Copy out the data word for word. The images are not part of the copy.

§ **Recorded data**:
——————————

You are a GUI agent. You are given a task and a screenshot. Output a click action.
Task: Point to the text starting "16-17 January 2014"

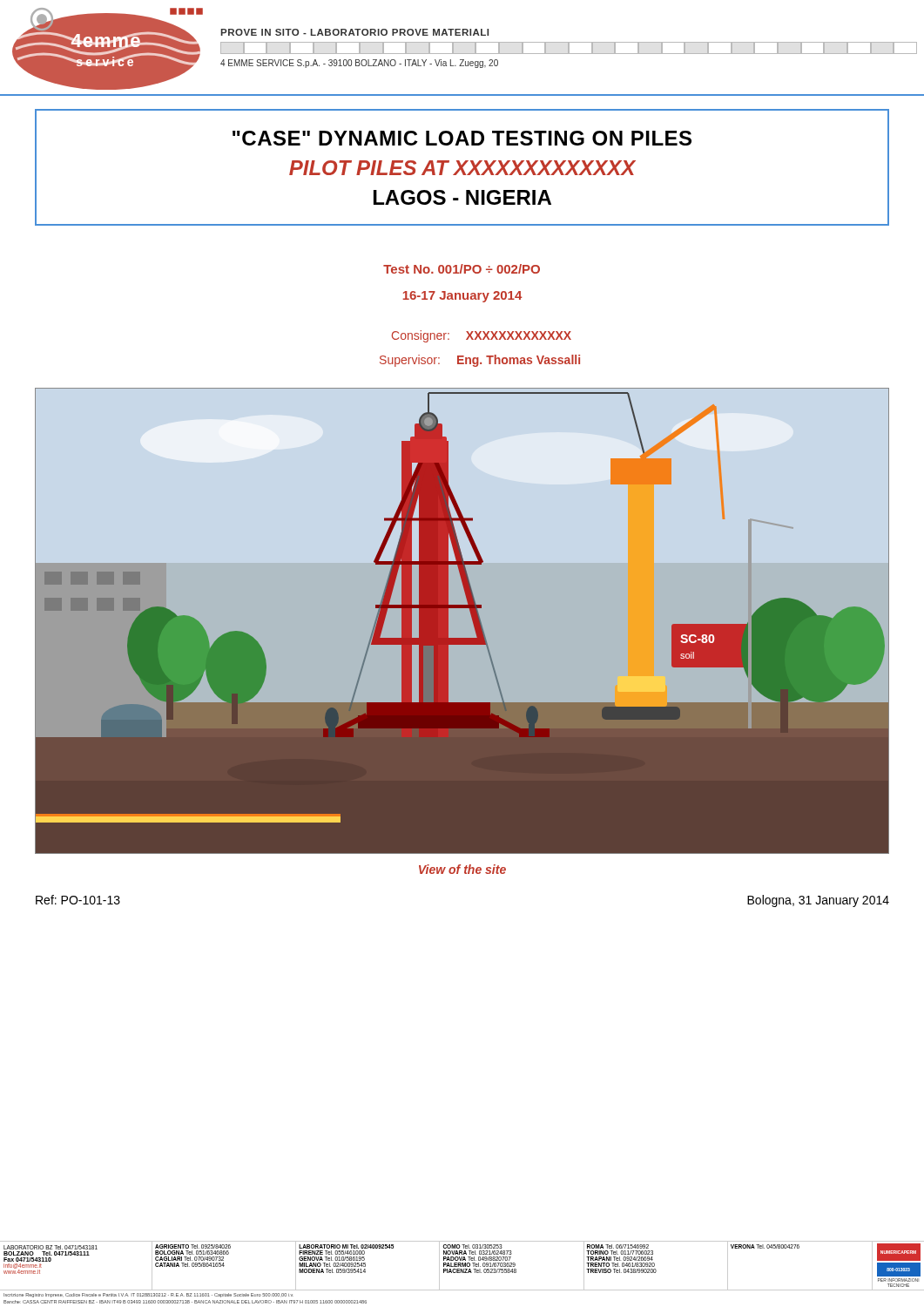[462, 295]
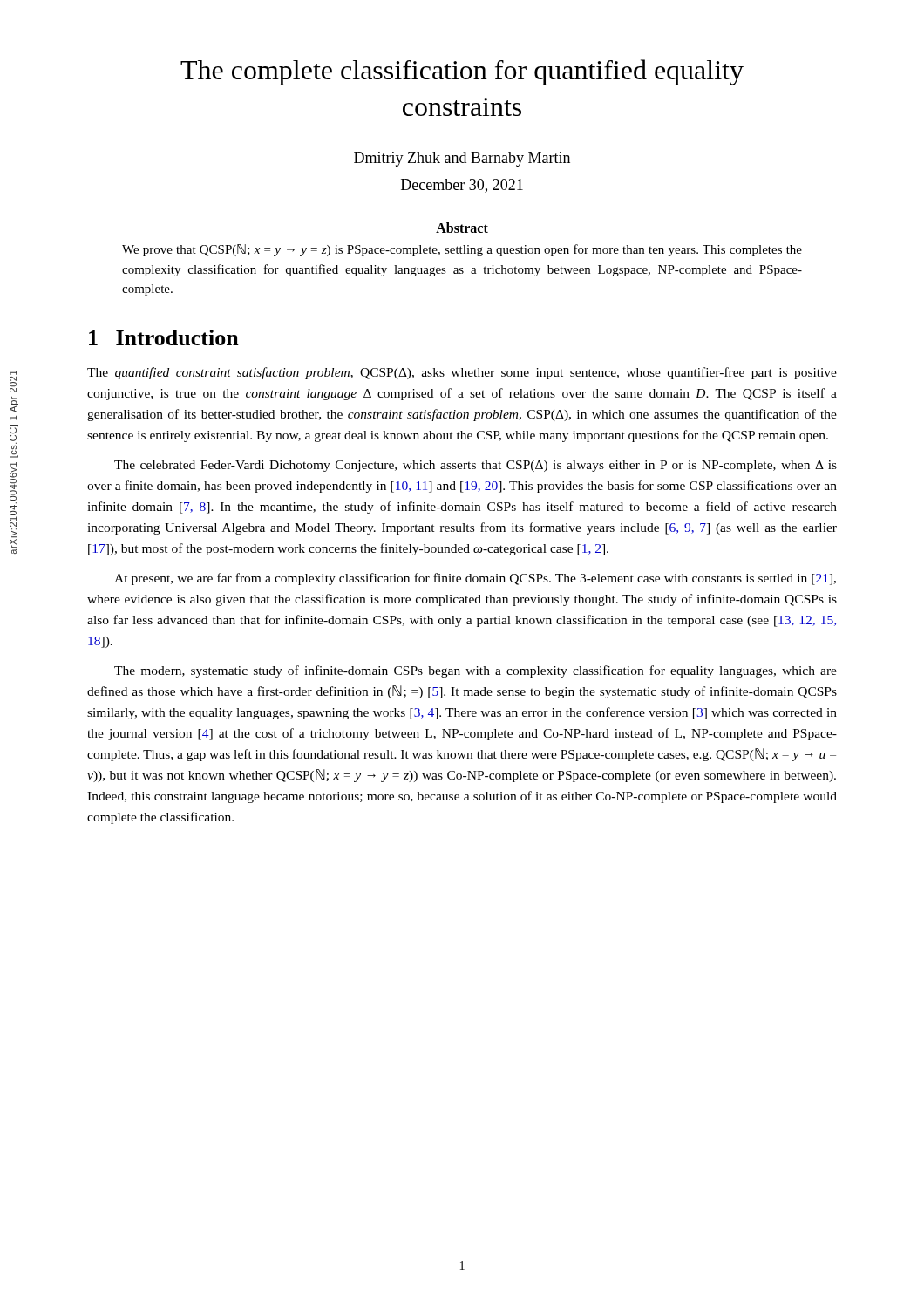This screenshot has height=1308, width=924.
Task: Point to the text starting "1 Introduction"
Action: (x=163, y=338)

——————————

§ **Output for this task**:
You are a GUI agent. You are given a task and a screenshot. Output a click action.
Task: Point to the text starting "16-17 January 2014"

[462, 295]
This screenshot has height=1308, width=924.
Task: Point to the text starting "1 Introduction"
Action: (x=163, y=338)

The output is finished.